Le voyage remonte jusqu’aux cyanobactéries, bactéries primitives qui ont permis le
développement des formes plus complexes de vie sur la terre, et qui représentent une sorte
d'état premier du vivant pour la reconnaissance duquel le duo AOO est parti en croisade en
tentant de faire classer le Lac Clifton (Australie) au patrimoine mondial de l’humanité.
Polymorphe, à la fois recherche ethnographique, démarche militante et projet artistique, ce
travail commencé il y a quelque temps sera montré à Dole sous une forme nouvelle, et
semble se poursuivre naturellement aujourd'hui avec les travaux menés sur le microbiote.
Ainsi, les Paysages microbiotiques inventés pour Dole par Art Orienté Objet, mêlent
étrangeté et beauté pour rendre la complexité des découvertes sur le microbiote. La lumière
noire qui fait réagir la fluorescence naturelle des pierres rares, des éponges ou des algues
qu’ils utilisent pour mimer les formes microscopiques des bactéries transforme l'intérieur
potentiel de nos intestins en objets précieux, et nous plonge dans la confusion entre
fascination et inquiétude. La photographie scientifique nous a certes habitués aux bascules
d'échelles et aux potentialités folles qu'ouvrait en termes d'images la capacité de voir et
d'agrandir l'infiniment petit. Mais là encore il faut de l'humour pour jouer comme ils le font à
mi-chemin entre le poétique et l'hyper terre-à-terre – car travailler sur le microbiote,
rappellent-ils, c'est forcément faire « un projet de merde »... Ce faisant ils nous invitent à
nous repenser comme des êtres uniques construits sur une multiplicité d’organismes.
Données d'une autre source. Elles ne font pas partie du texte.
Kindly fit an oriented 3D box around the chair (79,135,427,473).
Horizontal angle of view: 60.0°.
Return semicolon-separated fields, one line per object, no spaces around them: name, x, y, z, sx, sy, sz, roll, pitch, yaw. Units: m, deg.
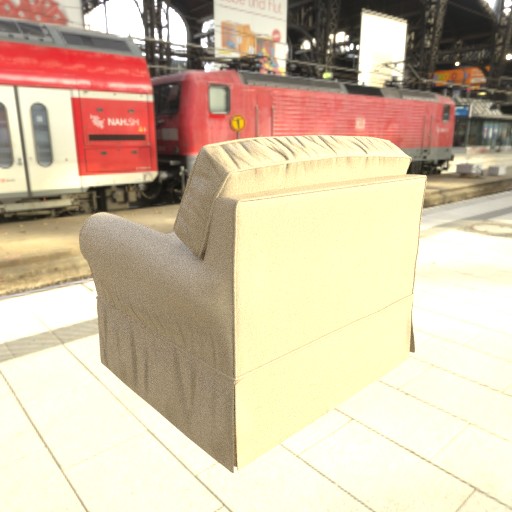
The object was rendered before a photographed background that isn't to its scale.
chair;0.000;0.000;1.779;1.096;0.937;0.903;-14;21;-41
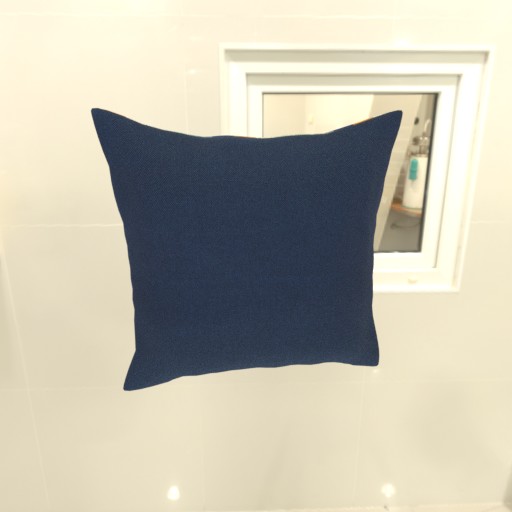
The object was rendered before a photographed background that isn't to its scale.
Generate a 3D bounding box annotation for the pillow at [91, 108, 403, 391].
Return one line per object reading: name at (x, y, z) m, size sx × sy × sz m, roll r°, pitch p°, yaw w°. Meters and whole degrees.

Jusqu'où ces hôtes et « autres » microscopiques que nous hébergeons peuvent-ils agir
en nous, modifier notre équilibre physiologique et psychique, provoquer ou accélérer des
processus de transformations génétiques irréversibles ? Autant de questions qu’abordait déjà
une de leurs premières œuvres Injure à enfant, qu’ils recomposeront dans l’exposition, tant
elle apparaît aujourd’hui comme prémonitoire de la conscience nouvelle du danger
antibiotique.
Du film Denskraum, relecture contemporaine du « Rituel du serpent », image du lien
fondamental des indiens Hopis à leur environnement naturel, étudié par l'historien de l'art
allemand Aby Warburg au Camelus Post-humanus – squelette délirant d'un animal mutant
mi-chameau mi-kangourou dressé au milieu du tas de déchets industriels qui aurait pu le
faire naître – les artistes, entre angoisse et éclat de rire, parviennent à reconstruire une
chaîne de causalité globale et à éveiller notre conscience au désastre écologique – au sens
étymologique de l'écologie, soit l'étude de l'ensemble des êtres vivants dans leur milieu et de
leurs interactions – que nous préparons.
Cet éveil passe pour les artistes par une ouverture et une recherche totalement
transversales dans tous les domaines du savoir, en particulier ceux assujettis ou considérés
comme minoritaires par la pensée occidentale, notamment les pratiques d'initiation et de
culte des ancêtres. En effet, la Vision est essentielle à la pratique d'Art Orienté Objet, à la
fois comme élément cognitif et comme déclencheur d'images et de processus créatifs. Quant
aux rituels de guérison ils jouent un rôle fondamental dans leur démarche de réparation.
C'est d'ailleurs sous l'influence du Pensador (le penseur), qu’ils produisirent pour la première
exposition d’art contemporain en Angola après 27 ans de guerre civile, placé au centre de
l'espace, que s'organise l'exposition Microbiota : cette blanche figure de cire, ce penseur,
c'est celui qui communique avec les ancêtres, qui fait le lien entre tout et tous, une figure
protectrice, apotropaïque, comme ces tambours brodés par les artistes qui nous aideront,
peut-être, à résister à tous les mauvais sorts.